How Cisco Talos Uses AI and Analysts to Find Stealthy Threats
Cisco Talos runs continuous hypothesis-driven hunts that combine AI models and human analysts to detect threats that bypass standard alerts, recently linking firewall and endpoint logs to find KongTuke C2.
Cisco Talos operates a threat-hunting service that runs continuous searches based on hypotheses about attacker behavior. The program combines automated models and human analyst review to identify malicious activity that does not trigger conventional alerts. Talos drew hypotheses from threat intelligence, incident response work and telemetry from nearly 50 million sensors.
Talos builds hunts that ask how a given adversary technique would appear in specific telemetry. The hunts run across firewall, DNS and endpoint data and look for patterns such as HTTP calls using Python user-agent strings to low-reputation hosting networks, MSIEXEC user-agent connections consistent with living-off-the-land installers, domains with algorithmic characteristics identified by statistical models, outbound traffic to historically malicious autonomous systems, and application or user-agent behavior that deviates from an environment baseline. When endpoint tools detect a new malicious process or file, Talos searches network logs for matching indicators across customers.
A customer engagement this year illustrates the cross-domain approach. Cisco Secure Firewall logs recorded a device contacting 144.31.221.82 on port 6060 with a URL path of /capcha9856, a pattern associated with traffic-direction redirects used to reach payload hosts. Endpoint telemetry for the same device showed a cmd.exe process spawning PowerShell with an -EncodedCommand parameter. The decoded command ran Invoke-WebRequest to download a file named script.ps1 into the user’s ApplicationData folder. A separate curl.exe process reached the same IP address, and subsequent Remove-Item commands attempted to delete the downloaded script. Correlating the firewall and endpoint traces led analysts to identify the activity as KongTuke command-and-control traffic and to document evidence of post-compromise cleanup.

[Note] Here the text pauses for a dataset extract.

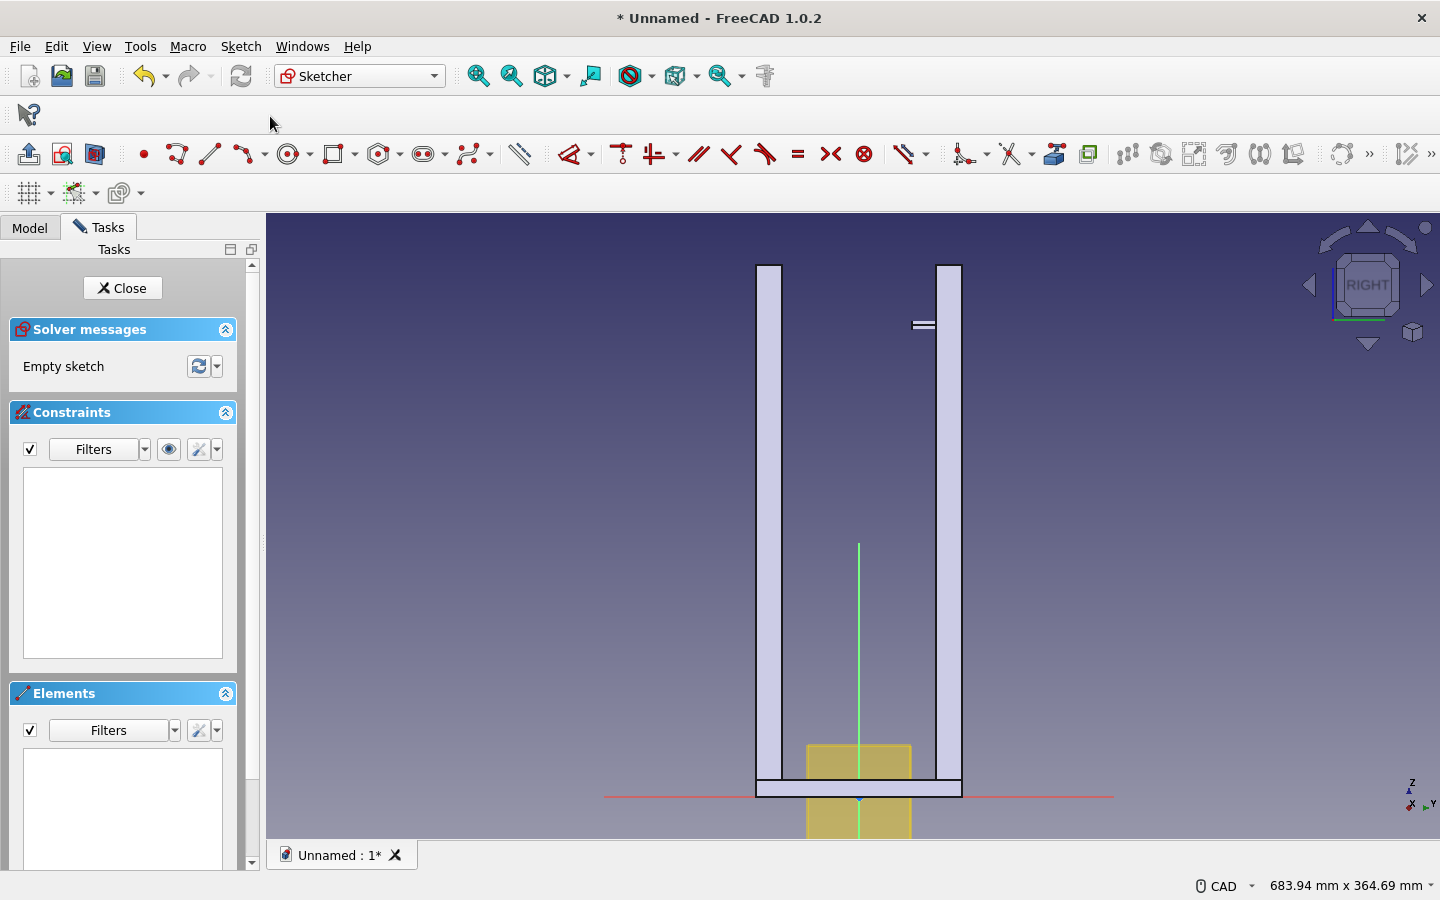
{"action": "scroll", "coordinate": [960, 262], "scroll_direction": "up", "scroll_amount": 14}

After confirming the activity, analysts used process hashes and file paths from endpoint data to search the wider customer environment. Those searches produced additional matches that defined the scope of the compromise. Talos reported confirmed findings to the customer with details of what was observed, mappings to known techniques such as MITRE ATT&CK, and recommended remediation steps.
The hunting operation follows a hybrid model. An AI engine runs hundreds of hunt hypotheses around the clock, applying models for domain-generation detection, behavioral baselining and anomaly scoring to reduce telemetry to a smaller set of candidates. Human analysts review those candidates, correlate across data sources, apply knowledge of the customer environment and determine whether the behavior is malicious. Confirmed findings are delivered as written reports rather than raw alerts.
Talos also evaluates each confirmed finding for detection gaps. When a gap is identified, analysts may recommend rule tuning, sensor configuration changes or policy adjustments, and some findings are incorporated into product-level detection. Customers with mature security operations receive hunting coverage for areas their teams may not probe; customers with smaller teams receive hunting capability and validated incident reports that include remediation guidance.